Wsiedli na diabelski młyn, bo chcieli mocnych wrażeń - tyle, że nie aż takich. Klienci łódzkiego lunaparku byli ściągani awaryjnie z uszkodzonej karuzeli. Prezes parku zabaw mówi o winie pracownika, a sam zainteresowany opowiada o "horrorze w lunaparku". Po naszej interwencji w wesołym miasteczku rozpocznie się kontrola.
Koło łódzkiego diabelskiego młyna ma kilkanaście metrów średnicy. Kiedy w minioną sobotę doszło do awarii, w gondolach było kilkanaście osób.
- Maszyna stanęła, bo lina napędzająca koło młyna po prostu spadła z prowadnicy - tłumaczy Zdzisław Trzebiński, prezes łódzkiego parku rozrywki.

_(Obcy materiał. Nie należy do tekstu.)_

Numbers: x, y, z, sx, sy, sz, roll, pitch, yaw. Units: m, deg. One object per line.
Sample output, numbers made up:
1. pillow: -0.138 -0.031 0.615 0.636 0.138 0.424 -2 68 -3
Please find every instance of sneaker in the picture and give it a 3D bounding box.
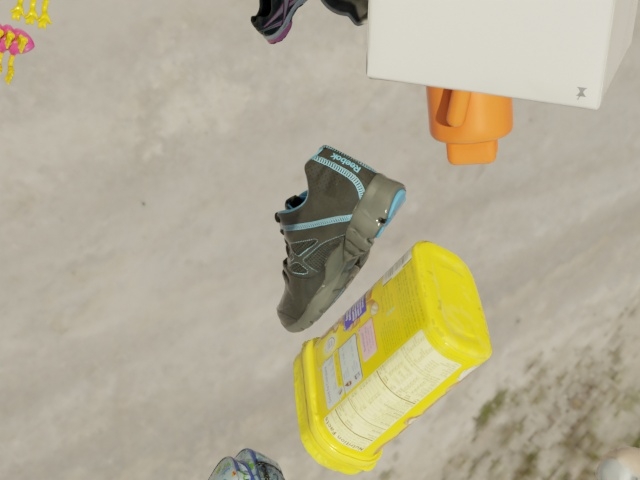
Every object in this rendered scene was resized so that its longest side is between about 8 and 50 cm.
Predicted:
1. sneaker: -0.074 -0.471 2.089 0.077 0.072 0.178 29 81 -43
2. sneaker: 0.000 0.000 1.541 0.125 0.139 0.341 -50 173 -45

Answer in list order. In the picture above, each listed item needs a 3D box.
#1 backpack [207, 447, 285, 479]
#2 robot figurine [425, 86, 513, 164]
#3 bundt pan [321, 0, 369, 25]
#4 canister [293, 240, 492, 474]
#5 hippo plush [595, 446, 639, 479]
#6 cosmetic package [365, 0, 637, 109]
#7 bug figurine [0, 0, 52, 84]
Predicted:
1. backpack: -0.088 0.295 1.248 0.084 0.114 0.105 29 100 -17
2. robot figurine: 0.217 -0.223 1.593 0.158 0.128 0.220 -19 111 -35
3. bundt pan: 0.123 -0.566 2.016 0.331 0.330 0.124 -68 171 27
4. canister: 0.056 0.096 0.896 0.073 0.126 0.170 24 127 -27
5. hippo plush: 0.229 0.328 0.915 0.236 0.294 0.234 -23 -172 27
6. cosmetic package: 0.186 -0.238 1.064 0.225 0.224 0.138 -50 146 -56
7. bug figurine: -0.440 -0.309 1.360 0.216 0.072 0.279 19 138 -27

Obsługa karuzeli za pomocą mięśni zaczęła obracać koło maszyny. Dzięki temu z zabawki mogły wysiadać kolejne osoby. Całe zdarzenie miało trwać kilka minut. Prezes tłumaczy, że zabawka została naprawiona i nie stało się nic złego. Tyle, że to tylko jego wersja.
"Horror i przerażenie"
Nieco inaczej sytuację prezentuje na łamach "Expressu Ilustrowanego" pan Mirosław, który miał feralnego dnia obsługiwać diabelski młyn.
- Podniósł się okropny rwetes, krzyczały dzieci, które z ojcami były na górze, a z dołu ich przerażone matki - opowiada na łamach prasy.

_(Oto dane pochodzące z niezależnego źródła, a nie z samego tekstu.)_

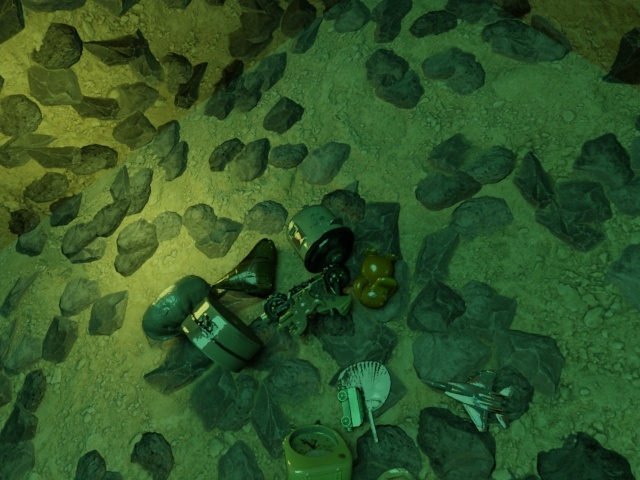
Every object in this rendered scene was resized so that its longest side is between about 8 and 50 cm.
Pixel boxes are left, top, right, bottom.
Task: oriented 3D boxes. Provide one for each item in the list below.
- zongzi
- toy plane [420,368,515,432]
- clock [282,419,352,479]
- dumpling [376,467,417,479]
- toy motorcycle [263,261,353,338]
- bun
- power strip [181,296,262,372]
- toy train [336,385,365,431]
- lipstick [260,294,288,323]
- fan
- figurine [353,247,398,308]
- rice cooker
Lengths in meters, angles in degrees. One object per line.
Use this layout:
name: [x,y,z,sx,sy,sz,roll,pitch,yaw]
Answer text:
zongzi: [-0.370,0.124,2.042,0.299,0.138,0.287,2,64,-1]
toy plane: [0.530,0.562,1.560,0.326,0.104,0.223,8,68,28]
clock: [-0.025,0.777,1.576,0.234,0.308,0.096,-2,101,-14]
dumpling: [0.254,0.887,1.512,0.169,0.100,0.134,-47,45,-8]
toy motorcycle: [-0.034,0.267,1.845,0.409,0.169,0.237,-27,97,4]
bun: [-0.660,0.331,2.000,0.194,0.354,0.354,43,85,9]
power strip: [-0.430,0.403,1.838,0.357,0.357,0.161,37,81,30]
toy train: [0.121,0.659,1.675,0.099,0.070,0.172,-12,63,6]
lipstick: [-0.155,0.290,1.965,0.263,0.059,0.059,-36,59,2]
fan: [0.161,0.627,1.716,0.223,0.012,0.295,9,70,24]
figurine: [0.240,0.167,1.826,0.215,0.215,0.228,-17,47,12]
rice cooker: [0.000,0.000,1.933,0.316,0.264,0.317,-2,87,46]

Twierdzi on, że maszyna jest w fatalnym stanie technicznym: do niebezpiecznych sytuacji ma dochodzić "co jakiś czas", ponieważ lina krzywo nawija się w maszynie i co jakiś czas wypada z prowadnicy.
- Urządzenie ma też słaby silnik i hamulec. Gdy jest przeciążone, koło się cofa i lina wypada. Strach pomyśleć, co może się wtedy stać z ludźmi w gondolach - podkreśla pan Mirosław.
Przerzucanie się winą
Prezes lunaparku jest oburzony stanowiskiem rozmówcy "Expressu".
- Ten człowiek lubi wypić, w poniedziałek pojawił się pijany w pracy i go wyrzuciłem. Według naszych ustaleń, do incydentu doszło z jego winy - atakuje Zdzisław Trzebiński.
Pracownik odbija piłeczkę podkreślając, że został przyjęty do pracy jako ślusarz, a nie operator niebezpiecznych zabawek.
Takich przypadków ma być więcej. – Włos mi się jeży na głowie, gdy pomyślę o tych kilku dniach mojej pracy w lunaparku - kwituje były już pracownik.
Będzie kontrola
O zamieszaniu w łódzkim parku rozrywki poinformowaliśmy urząd dozoru technicznego.
- Dziękujemy za informacje, dokładnie przyjrzymy się wszystkim urządzeniom w tym parku rozrywki - zapewnia Natalia Rostkowska, rzecznik urzędu.
Nasza rozmówczyni podkreśla, że co najmniej cztery urządzenia w łódzkim lunaparku miało negatywną opinię urzędu i ich eksploatacja miała zostać wstrzymana. Inspektorzy sprawdzą, czy właściciel dostosował się do zaleceń.